Another means of legislative oversight over rules is that the authority of the standing committees of both the house and senate with jurisdiction over the subject matter of a proposed rule to advise an agency not to adopt the proposed rule.[10] Upon receiving this advice from both committees, the agency must delay adoption of the rule until after the end of the annual legislative session that begins after the vote of the committees. A committee vote must be by a majority of the committee and may occur at any time after publication of the rulemaking notice and prior to adoption of the rule. The notice of a committee’s vote is published in the State Register.

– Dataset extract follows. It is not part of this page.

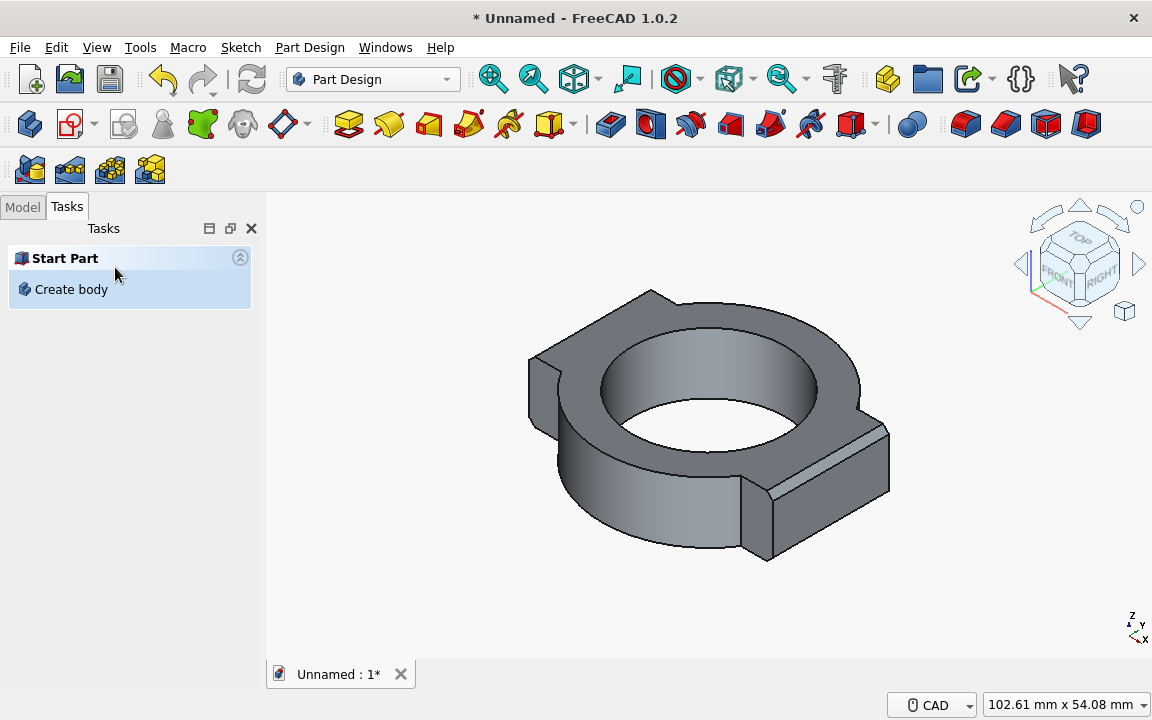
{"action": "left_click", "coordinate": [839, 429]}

Finally, section 3.842 allows the LCC to periodically review statutory exemptions to the rulemaking provision of chapter 14. In 1997, a rule exemption bill was passed as a result of a study conducted by the LCC subcommittee on rules.[11] The subcommittee examined all the rulemaking exemptions there were currently in statute and decided whether those exemptions should continue, be terminated, or be modified. Their recommendations were passed into law in 1997.


[1] Minn. Stat. § 3.305, subd. 6 (2014).

[2] Id. §§ 3.841-.843.

[3] Id. § 3.305, subd. 8.

[4] Id. § 14.14, subd. 1.

[5] The LCC does not have the same power that the LCRAR had to temporarily suspend an agency rule. See 1997 Minn. Laws ch. 98, § 17, at 718 (repealing Minn. Stat. §§ 3.842, subd. 4, .844, .845 regarding the suspension of rules); see also § 25.4 (providing further discussion of the suspension of rules).

[6] Minn. Stat. § 3.842, subd. 4a (2014).

[7] Id. §§ 14.15, subd. 4, .26, subd. 3(c).

[8] Id. §§ 14.19, .26, subd. 1.

[9] Id. § 14.05, subd. 5.

[10] Id. § 14.126, subd. 1.

[11] 1997 Minn. Laws ch. 187, at 1285-1340.